Hogan made his entrance to his barracks looking a bit less tousled and ragged than he had immediately following the beating, but still not feeling up to par. He knew the men were all in an uproar, in the middle of determining how they would handle the situation when he walked in.


"We're gonna find these guys, Colonel," Carter said before Hogan was all the way in the door.


"That's right, sir, we've got some ideas. We'll hunt 'em down," Newkirk chimed in.


"And when we do, we'll even some scores," Baker stated calmly.


"Look, fellas, it's not that I don't appreciate the concern, because I do. But I don't want this to turn into our own little civil war. Matthews is being transferred out first thing in the morning. Klink punched his ticket for Colditz."


"Never thought I'd start three cheers for old Klink," Newkirk said, chuckling. "By the way, the lock on the Rec Hall wasn't forced. So he either found somebody else who could pick the lock, or he got hold of a key."


"Matthews didn't do all that damage by himself," Carter said, gesturing toward Hogan. He could only imagine how vivid his face was becoming as the bruising took on its deepest colors.


"No, he didn't, but I won't have this camp turn into a war zone of unruly vigilante mobs wandering the compound. We'll find out who did it, and they'll be disciplined through the proper channels," Hogan stated, hoping the bass section in his head would settle down pretty soon.


"Why not let us give them a little discipline, Colonel? They sure didn't play fair with you," Baker said.


"What if you get the wrong guy? Huh? Somebody tips you off wrong and you go out and beat the stuffing out of some guy who had nothing to do with it?"


"We won't beat the stuffing out of him unless we're absolutely sure. How about that?" Carter asked hopefully.


"You won't beat the stuffing out of him at all. I mean it," Hogan stated firmly. Then, his tone softening. "Look, I appreciate that you guys want to do this, I really do." Hogan lowered himself onto the bench at the head of the table. "But if you go out and beat up and intimidate other prisoners on my behalf, then I'm no better an officer than Matthews."


"He's not fit to shine your shoes," LeBeau said bitterly, hanging up his coat.


"Klink's taking care of Matthews. We need to find out who his cronies are, and if they're responsible for this," he said, gesturing at himself. "If they are, we have a bigger problem than me getting roughed up. Most of the men in this camp know what we have going on underground. If there are men here who are angry enough, or who have it in for me enough to do something like this, it's not a big leap that they might squeal to the krauts."


"We oughtta start with the guy who set you up, sir. You can identify him," Newkirk said.

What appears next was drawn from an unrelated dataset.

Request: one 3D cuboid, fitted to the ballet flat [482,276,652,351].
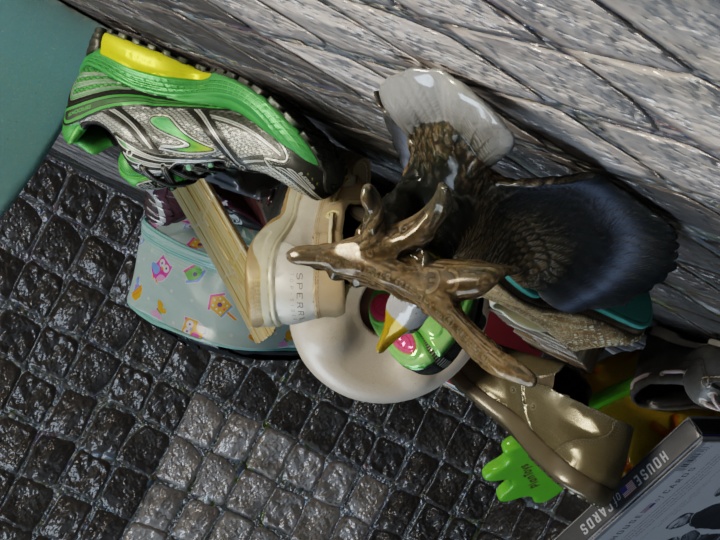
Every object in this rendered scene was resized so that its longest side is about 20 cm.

"I'm going to make a tour of the camp at tonight's roll call, starting with Matthews' barracks, to see if I can spot the guy. We're going to need extra security in the tunnels. I wouldn't put it past these guys to make a break for it before they're identified. Klink's putting Matthews in the cooler tonight, so hopefully that'll take care of him."

 

"You didn't recognize him at all, sir?" Carter asked.


"I know he's a newer prisoner, very young, dark hair, American..." Hogan shrugged, then winced, his hand going to his ribs before he even thought about the gesture. "I know I was present when he was brought in, but I can't place his name."


"Sounds like McAllister, sir," Carter said. "He knows about the operation. We just cleared him a couple weeks ago, remember?"


"That's him," Hogan said, snapping his fingers. "We had that whole group of flyers come in within a few days, and I knew he was part of that group, but I couldn't connect the name with the face."


"That little twister," Newkirk snarled.


"Which barracks is he in?" Hogan asked.


"Matthews' barracks, where else?" Baker replied.


"Baker, you and Carter go over there and get him. I don't want any violence, and I don't want you telling him what it's about. Just tell him I want to talk to him, and bring him over here."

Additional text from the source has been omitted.